The next block starts the first thread by calling pthread_create. It takes four
arguments, the first parameter being the address of a pthread variable (or a
pthread* in C). The second parameter can be kept as zero for my use case. The
third parameter is the function pointer to be called, or the address of
countThread in this case. Finally, the fourth parameter is the void* argument to
the thread's function I mentioned before. As I said, I use it to pass a single
integer that will be output as the thread's number. For the first thread, I
chose to use 1.
The block after that repeats the same code for the second thread. It is mostly
the same, but uses a different address on my stack for its pthread variable and
also uses 2 as the thread number parameter.
After starting the two threads, the next two blocks wait for them to complete. I
use the pthread_join function for that.
Finally, _start just has to print out the counter's final value and exit itself.
Let's run the program:
Thread '2' finished Thread '1' finished Counter: 5106983
Is that the output you expected? Executing it again might even lead to a totally
different value!
Meet my old friend, race condition
When I described the INC instruction used by the threads, I told you that I
could have written it as three separate instructions. While I did not have to
write it that way, it still works that way: It first loads the counter, then
increments it, and then writes the incremented value back to the counter.
When multiple threads are used, they can overlap in many ways. You might have
wanted them to work in a way where the first thread does these three steps and
then the second thread does the three steps ... but it does not have to work
that way and most likely will not.
It is possible for both threads to read the same counter value. They will both
increment it to the same new value and one increment will get lost. Even worse,
something like this is also possible:
counter = 0 thread 1 | thread 2 read counter = 0 | | read counter = 0 | increment to 1 | write counter = 1 | read counter = 1 | increment to 2 | write counter = 2 increment to 1 | write counter = 1|
If both threads work together like that, the counter might even go backwards at
times.
Note that if your system as multiple cores (and most systems today will have
that), both threads might even perform steps at the same time, which will only
make the problem worse.
A solution
Race conditions like that one can be solved in many ways. We could use any
locking primitive that we would also use from C, like a pthread_mutex_t. But
that would be a very blunt tool for our problem. Another solution would be to
use atomic variables, which compile to special instructions that access our
counter without creating race conditions. Let's try that!
Replace our loop with this:
.L.loop: cmp rax, 5000000 je .L.done inc rax mov rcx, 1 lock xadd [rip+.L.counter], rcx jmp .L.loop
The XADD instruction adds a register to our counter and stores the old value in
the register. You might know it as atomic_fetch_add from the C11 stdatomic.h.

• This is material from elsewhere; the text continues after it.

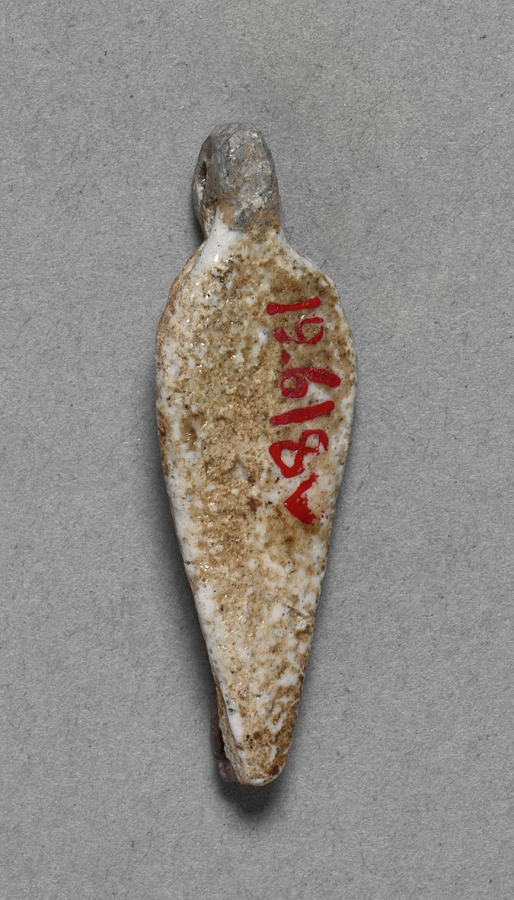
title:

But XADD alone would still have a race condition. Only with the LOCK prefix you
get the real atomic_fetch_add.
This change fixes our little bug, so that you get always the correct value when
you run the program.
Thread '2' finished Thread '1' finished Counter: 10000000
You will also notice that running this program now takes a lot more time than
the buggy version. Both threads do nearly nothing but contend for the lock. A
simple fix for that would reduce lock contention as far as possible: Both
threads could increment their own counter and only after the loop add that to
the shared counter. That would be much faster. But then again, you could also
remove the loop and just add the final sum. Or just replace the whole program
with a single puts containing the pre-calculated sum.
I wrote this code to learn about atomic variables in Assembler programs. That is
what I did. In real programs, you will have to decide how much optimization is
called for and which optimizations to use.